Hi everyone, as the title says, I’ve recently been having trouble accessing my QNAP devices via VPN. One of them is a TS-431P (Firmware version: QTS 5.2.5.3145).
I can’t access the web interface through any browser while connected to the VPN.
Google Chrome: Version 137.0.7151.120
Edge: Version 137.0.3296.83
Firefox: Version 139.0.4
VPN: L2PT with pre-shared key
SSH works, ping works, and I have access to shared folders via File Explorer in Windows.
The web interface works fine on the local network. Firewall and antivirus are disabled on the computer, and QuFirewall is not installed.
The issue is that when I try to connect to the Web Administration using, for example, port 8080, I get the following message in the browser: “This site can’t be reached. 192.xxx.xxx.xxx refused to connect.”
However, when I enter the same address without specifying the port, I can access the QNAP over VPN. It seems that if I specify the port, QNAP refuses the connection.

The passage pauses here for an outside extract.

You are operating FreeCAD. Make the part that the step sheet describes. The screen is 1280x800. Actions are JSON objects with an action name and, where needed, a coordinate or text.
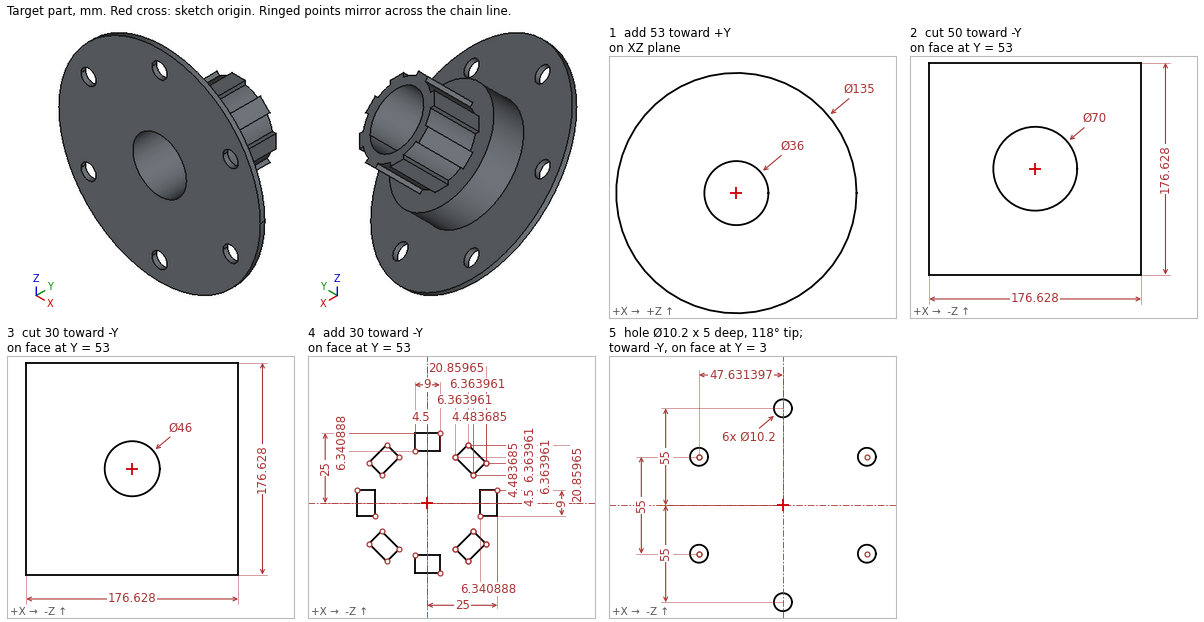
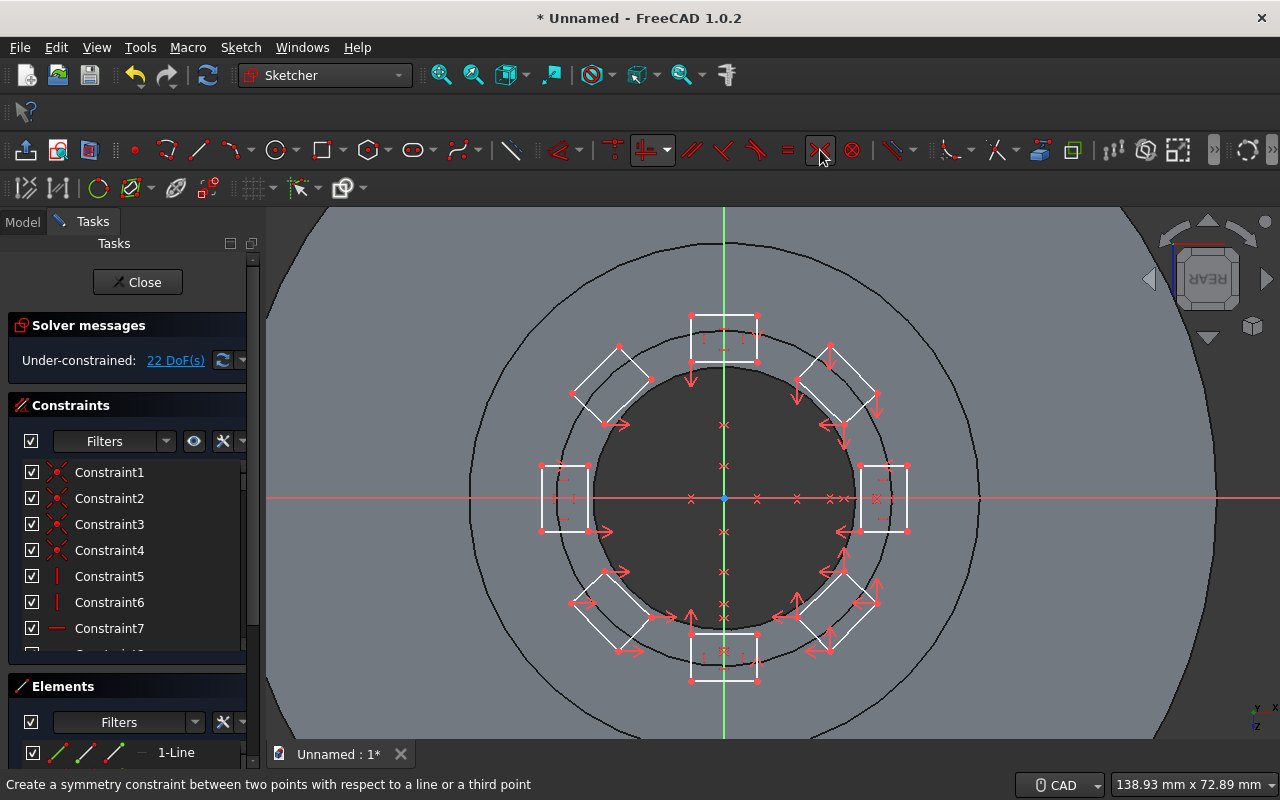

Has anyone experienced a problem where the web interface is inaccessible when using a port, but connects immediately without the port?
did you try other ports too?
I use Asus Instant Guard as VPN and I can connect through it.
I changed the ports so I can’t check it out, but if I remember well 8080 was the default port for the Web Server application.
You can try with https with the corresponding port, if it’s enabled.
Yeah, I’ve tried with other ports, and the situation is the same. That’s right, port 8080 is the default port, and that’s exactly why I’m trying to figure out what’s going on, because I’m not using it for access. I set my own port, which used to work until recently, but now none of the ports I set work, not even 8080.
From the local network, if I don’t specify the port, the browser gives me a message that access is forbidden (“Forbidden, you don’t have permission to access this resource.”), meaning I have to define the port (e.g., 192.xxx.xxx.xxx:8080). However, when using a VPN and specifying that same port, I can’t connect at all.
I can connect via the HTTPS port both locally and through the VPN.
I’m trying to figure out what changed, because I can no longer access the QNAP over HTTP from outside the local network. It’s frustrating.
I’m using MikroTik VPN, L2TP and OpenVPN, I get the same result with both when I try to access via HTTP port 8080.
But it’s not the port, since the port is open, I can access other resources (servers, VMs) on the same port if I want to, I just can’t access any QNAP.
If you cannot access the NAS from a VPN connection, it could be the router (can you reach other LAN devices via the VPN connection?) or the did the NAS access protection switch itself on, or QuFirewall install itself ?
When you connect remotely via VPN, your IP address range is different. If other access works as you say, then the first thing to check is the whitelist and security settings in the NAS GUI to ensure the VPN subnet is allowed access.
Regarding your issue with connecting to the NAS via VPN, please try configuring your MikroTik router. You’ll need to forward the communication received by your VPN server (specifically traffic destined for port 8080) to your NAS’s internal IP address, for example, 192.168.100.xxx.
This step often helps in directing the VPN traffic correctly to your NAS. Let us know if this helps!
If you are using a MikroTik router, I would HIGHLY recommend using the built-in Wireguard based “Back to Home” VPN. I use that all the time and I have zero problem accessing my NAS units or any of their applications. In fact, I have an automation on my phone that connects to the VPN whenever I lose my WiFi connection on my home network. Works great.
I also sometimes run the built-in ZeroTier VPN. ZeroTier is a little bit more complex to configure but you literally can run your VPN like you are right on your LAN and pass UDP traffic and other bits that you can’t pass over a normal VPN.